Exercise instructions: If a line in the following entries holds the string "Rasterlinie", include it in the tally. State the total and nothing further.

Data for the task:
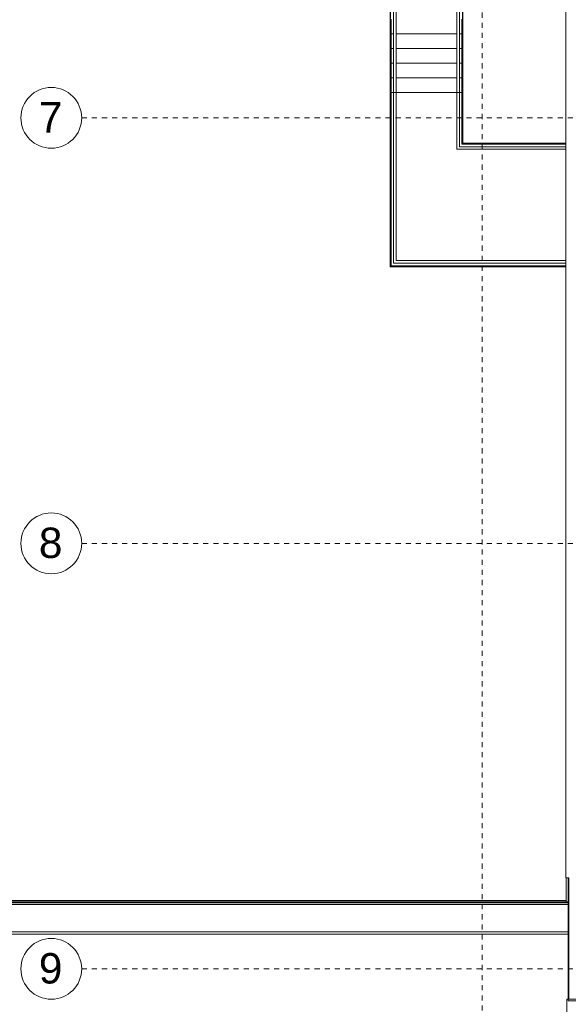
# Model space of a CAD drawing. Header units: metres. Extents: x -52 to 123, y -78 to 33.
# Tile 15 of 114: x 9 to 19, y -33 to -14. Entities that reach past the tile are written whole.
import ezdxf

# ---------------------------------------------------------------- set-up
doc = ezdxf.new("R2010")
doc.units = ezdxf.units.M
doc.linetypes.add('Rasterlinie', pattern=[0.019, 0.01, -0.003, 0.003, -0.003])
doc.linetypes.add('Verdeckt', pattern=[0.003, 0.002, -0.001])
for name, color, linetype, lineweight in [('A_Dächer_', 7, 'Continuous', 9), ('A_Fassadenelemente', 7, 'Continuous', 9), ('A_Fenster', 7, 'Continuous', 9), ('A_Geländer', 7, 'Continuous', 9), ('A_Raster', 7, 'Continuous', 9), ('A_Treppen', 7, 'Continuous', 9), ('A_Wände', 7, 'Continuous', 9)]:
    doc.layers.add(name, color=color, linetype=linetype, lineweight=lineweight)
doc.styles.add('Arial', font='arial.ttf', dxfattribs={"height": 0.6})

# ---------------------------------------------------------------- blocks, each defined once
blk = doc.blocks.new('Typ des oberen Holms - Oberer Geländerholm_Innen_-4973433-BS_Übersicht_O1_BRANDSCHUTZ')
at = {"layer": 'A_Geländer'}
for p, q in [((16.006, -10.716), (16.056, -10.716)), ((16.006, -12.456), (16.006, -10.716)), ((16.056, -10.716), (16.056, -12.456)), ((16.006, -12.456), (16.056, -12.456)), ((16.006, -12.49), (16.006, -12.456)), ((16.006, -13.366), (16.006, -12.49)), ((16.056, -12.456), (16.056, -12.49)), ((16.056, -12.49), (16.056, -13.366)), ((16.006, -13.366), (16.056, -13.366)), ((16.006, -13.69), (16.006, -13.366)), ((16.056, -13.366), (16.056, -13.69)), ((16.006, -15.396), (16.006, -13.69)), ((16.056, -13.69), (16.056, -15.396)), ((16.006, -15.396), (16.056, -15.396)), ((16.006, -15.465), (16.006, -15.396)), ((16.006, -18.766), (16.006, -15.465)), ((16.056, -15.396), (16.056, -15.465)), ((16.056, -15.465), (16.056, -18.716)), ((19.409, -18.766), (16.006, -18.766)), ((16.056, -18.716), (19.409, -18.716))]:
    blk.add_line(p, q, dxfattribs=at)
blk = doc.blocks.new('Typ des oberen Holms - Oberer Geländerholm_Innen_-V172-BS_Übersicht_O1_BRANDSCHUTZ')
at = {"layer": 'A_Geländer'}
for p, q in [((16.056, -10.716), (16.006, -10.716)), ((16.006, -10.716), (16.006, -12.456)), ((16.056, -10.716), (16.056, -12.456)), ((16.006, -12.456), (16.006, -13.366)), ((16.056, -12.456), (16.056, -13.366)), ((16.006, -13.366), (16.006, -15.396)), ((16.056, -13.366), (16.056, -15.396)), ((16.006, -15.396), (16.006, -18.766)), ((16.056, -15.396), (16.056, -18.716)), ((16.006, -18.766), (19.409, -18.766)), ((16.056, -18.716), (19.409, -18.716))]:
    blk.add_line(p, q, dxfattribs=at)
blk = doc.blocks.new('Typ des oberen Holms - Oberer Geländerholm_Innen_-4973450-BS_Übersicht_O1_BRANDSCHUTZ')
at = {"layer": 'A_Geländer'}
for p, q in [((17.256, -10.716), (17.306, -10.716)), ((17.256, -12.456), (17.256, -10.716)), ((17.306, -10.716), (17.306, -12.456)), ((17.256, -12.456), (17.306, -12.456)), ((17.256, -12.49), (17.256, -12.456)), ((17.256, -13.366), (17.256, -12.49)), ((17.306, -12.456), (17.306, -12.49)), ((17.306, -12.49), (17.306, -13.366)), ((17.256, -13.366), (17.306, -13.366)), ((17.256, -13.69), (17.256, -13.366)), ((17.306, -13.366), (17.306, -13.69)), ((17.256, -15.396), (17.256, -13.69)), ((17.306, -13.69), (17.306, -15.396)), ((17.256, -15.396), (17.306, -15.396)), ((17.256, -15.465), (17.256, -15.396)), ((17.256, -16.516), (17.256, -15.465)), ((17.306, -15.396), (17.306, -15.465)), ((17.306, -15.465), (17.306, -16.466)), ((19.409, -16.516), (17.256, -16.516)), ((17.306, -16.466), (19.409, -16.466))]:
    blk.add_line(p, q, dxfattribs=at)
blk = doc.blocks.new('Typ des oberen Holms - Oberer Geländerholm_Innen_-V173-BS_Übersicht_O1_BRANDSCHUTZ')
at = {"layer": 'A_Geländer'}
for p, q in [((17.306, -10.716), (17.256, -10.716)), ((17.256, -10.716), (17.256, -12.456)), ((17.306, -10.716), (17.306, -12.456)), ((17.256, -12.456), (17.256, -13.366)), ((17.306, -12.456), (17.306, -13.366)), ((17.256, -13.366), (17.256, -15.396)), ((17.306, -13.366), (17.306, -15.396)), ((17.256, -15.396), (17.256, -16.516)), ((17.306, -15.396), (17.306, -16.466)), ((17.256, -16.516), (19.409, -16.516)), ((17.306, -16.466), (19.409, -16.466))]:
    blk.add_line(p, q, dxfattribs=at)
blk = doc.blocks.new('Systemelement - GSH_Fassadenelement_169-169-169-6606995-BS_Übersicht_O1_BRANDSCHUTZ')
at = {"layer": 'A_Fassadenelemente'}
for p, q in [((-0.6, 0.06), (0.6, 0.06)), ((-0.6, 0.052), (-0.6, 0.06)), ((0.6, 0.052), (-0.6, 0.052)), ((0.6, 0.052), (0.6, 0.06))]:
    blk.add_line(p, q, dxfattribs=at)
blk = doc.blocks.new('Attika_Scwhimmhalle - Attika_Scwhimmhalle-5431613-BS_Übersicht_O1_BRANDSCHUTZ')
at = {"layer": 'A_Dächer_'}
for p, q in [((-0.848, -31.426), (19.456, -31.426)), ((-0.813, -31.391), (19.456, -31.391)), ((-0.793, -31.371), (19.456, -31.371)), ((-1.456, -32.009), (19.456, -32.009)), ((-1.385, -31.963), (19.456, -31.963))]:
    blk.add_line(p, q, dxfattribs=at)
blk = doc.blocks.new('Fensterbank1 - Fensterbank-6073046-BS_Übersicht_O1_BRANDSCHUTZ')
at = {"layer": 'A_Fenster'}
for p, q in [((19.408, -8.207), (19.408, -30.897)), ((19.412, -30.897), (19.408, -30.897)), ((19.412, -30.897), (19.412, -31.371)), ((19.456, -30.897), (19.412, -30.897)), ((19.414, -31.349), (6.506, -31.349)), ((19.428, -33.297), (19.428, -40.447)), ((19.428, -33.297), (19.432, -33.297)), ((19.432, -33.297), (19.456, -33.297))]:
    blk.add_line(p, q, dxfattribs=at)
blk = doc.blocks.new('Metal_Verkleidung - Metal_Verkleidung-6154593-BS_Übersicht_O1_BRANDSCHUTZ')
at = {"layer": 'A_Wände', "lineweight": 18}
for p, q in [((19.456, -33.297), (20.056, -33.297)), ((19.456, -33.327), (19.456, -33.297)), ((20.056, -33.327), (19.456, -33.327))]:
    blk.add_line(p, q, dxfattribs=at)
blk = doc.blocks.new('Raster - 3_0mm_mit Kreis-376402-BS_Übersicht_O1_BRANDSCHUTZ')
at = {"layer": 'A_Raster'}
blk.add_circle((0, 0), 0.003, dxfattribs=at)

msp = doc.modelspace()

# ---------------------------------------------------------------- linework, layer by layer
at = {"layer": 'A_Raster', "linetype": 'Rasterlinie'}
for p, q in [((17.756, -64.12), (17.756, 31.557)), ((9.846, -15.897), (94.587, -15.897)), ((9.846, -24.297), (94.587, -24.297)), ((9.846, -32.697), (94.587, -32.697))]:
    msp.add_line(p, q, dxfattribs=at)
at = {"layer": 'A_Treppen'}
for p, q in [((15.956, -13.946), (15.956, -14.236)), ((17.356, -13.946), (17.356, -14.236)), ((15.956, -14.236), (15.956, -14.526)), ((16.006, -14.236), (15.956, -14.236)), ((17.256, -14.236), (16.056, -14.236)), ((17.356, -14.236), (17.306, -14.236)), ((17.356, -14.236), (17.356, -14.526)), ((15.956, -14.526), (15.956, -14.816)), ((16.006, -14.526), (15.956, -14.526)), ((17.256, -14.526), (16.056, -14.526)), ((17.356, -14.526), (17.306, -14.526)), ((17.356, -14.526), (17.356, -14.816)), ((15.956, -14.816), (15.956, -15.106)), ((16.006, -14.816), (15.956, -14.816)), ((17.256, -14.816), (16.056, -14.816)), ((17.356, -14.816), (17.306, -14.816)), ((17.356, -14.816), (17.356, -15.106)), ((15.956, -15.106), (15.956, -15.396)), ((16.006, -15.106), (15.956, -15.106)), ((17.256, -15.106), (16.056, -15.106)), ((17.356, -15.106), (17.306, -15.106)), ((17.356, -15.106), (17.356, -15.396)), ((15.956, -15.396), (15.956, -15.469)), ((16.006, -15.396), (15.956, -15.396)), ((15.956, -15.469), (15.956, -18.816)), ((17.256, -15.396), (16.056, -15.396)), ((17.356, -15.396), (17.306, -15.396)), ((17.356, -15.396), (17.356, -15.469)), ((17.356, -16.416), (17.356, -15.469)), ((19.409, -16.416), (17.356, -16.416)), ((15.956, -18.816), (19.409, -18.816))]:
    msp.add_line(p, q, dxfattribs=at)
at = {"layer": 'A_Treppen', "linetype": 'Verdeckt'}
for p, q in [((16.006, -14.236), (15.956, -14.236)), ((17.256, -14.236), (16.056, -14.236)), ((17.356, -14.236), (17.306, -14.236)), ((16.006, -14.526), (15.956, -14.526)), ((17.256, -14.526), (16.056, -14.526)), ((17.356, -14.526), (17.306, -14.526)), ((16.006, -14.816), (15.956, -14.816)), ((17.256, -14.816), (16.056, -14.816)), ((17.356, -14.816), (17.306, -14.816)), ((16.006, -15.106), (15.956, -15.106)), ((17.256, -15.106), (16.056, -15.106)), ((17.356, -15.106), (17.306, -15.106)), ((16.006, -15.396), (15.956, -15.396)), ((17.256, -15.396), (16.056, -15.396)), ((17.356, -15.396), (17.306, -15.396))]:
    msp.add_line(p, q, dxfattribs=at)
at = {"layer": 'A_Wände'}
for p, q in [((15.936, -18.836), (15.936, -10.716)), ((15.946, -10.716), (15.946, -18.826)), ((17.366, -16.406), (17.366, -10.716)), ((17.376, -10.716), (17.376, -16.396)), ((15.946, -15.316), (15.936, -15.316)), ((17.376, -15.316), (17.366, -15.316)), ((19.409, -16.406), (17.366, -16.406)), ((17.376, -16.396), (19.409, -16.396)), ((19.409, -18.836), (15.936, -18.836)), ((15.946, -18.826), (19.409, -18.826))]:
    msp.add_line(p, q, dxfattribs=at)

# ---------------------------------------------------------------- block references
at = {"layer": 'A_Dächer_'}
msp.add_blockref('Attika_Scwhimmhalle - Attika_Scwhimmhalle-5431613-BS_Übersicht_O1_BRANDSCHUTZ', (0, 0), dxfattribs=at)
at = {"layer": 'A_Fassadenelemente', "rotation": 90}
for p in [(19.516, -31.497), (19.516, -32.697)]:
    msp.add_blockref('Systemelement - GSH_Fassadenelement_169-169-169-6606995-BS_Übersicht_O1_BRANDSCHUTZ', p, dxfattribs=at)
at = {"layer": 'A_Fenster'}
msp.add_blockref('Fensterbank1 - Fensterbank-6073046-BS_Übersicht_O1_BRANDSCHUTZ', (0, 0), dxfattribs=at)
at = {"layer": 'A_Geländer'}
for name in ['Typ des oberen Holms - Oberer Geländerholm_Innen_-4973433-BS_Übersicht_O1_BRANDSCHUTZ', 'Typ des oberen Holms - Oberer Geländerholm_Innen_-V172-BS_Übersicht_O1_BRANDSCHUTZ', 'Typ des oberen Holms - Oberer Geländerholm_Innen_-4973450-BS_Übersicht_O1_BRANDSCHUTZ', 'Typ des oberen Holms - Oberer Geländerholm_Innen_-V173-BS_Übersicht_O1_BRANDSCHUTZ']:
    msp.add_blockref(name, (0, 0), dxfattribs=at)
at = {"layer": 'A_Raster', "xscale": 199.9999999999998, "yscale": 199.9999999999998, "zscale": 199.9999999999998, "rotation": 269.9999999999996}
for p in [(9.246, -15.897), (9.246, -24.297), (9.246, -32.697)]:
    msp.add_blockref('Raster - 3_0mm_mit Kreis-376402-BS_Übersicht_O1_BRANDSCHUTZ', p, dxfattribs=at)
at = {"layer": 'A_Wände', "lineweight": 18}
msp.add_blockref('Metal_Verkleidung - Metal_Verkleidung-6154593-BS_Übersicht_O1_BRANDSCHUTZ', (0, 0), dxfattribs=at)

# ---------------------------------------------------------------- texts
at = {"layer": 'A_Raster', "char_height": 0.6, "width": 0.57721, "attachment_point": 1, "style": 'Arial'}
for s, insert in [('7', (9, -15.586)), ('8', (9, -23.986)), ('9', (9, -32.386))]:
    msp.add_mtext(s, dxfattribs=dict(at, insert=insert))

doc.saveas('drawing.dxf')

Result for this exercise: 2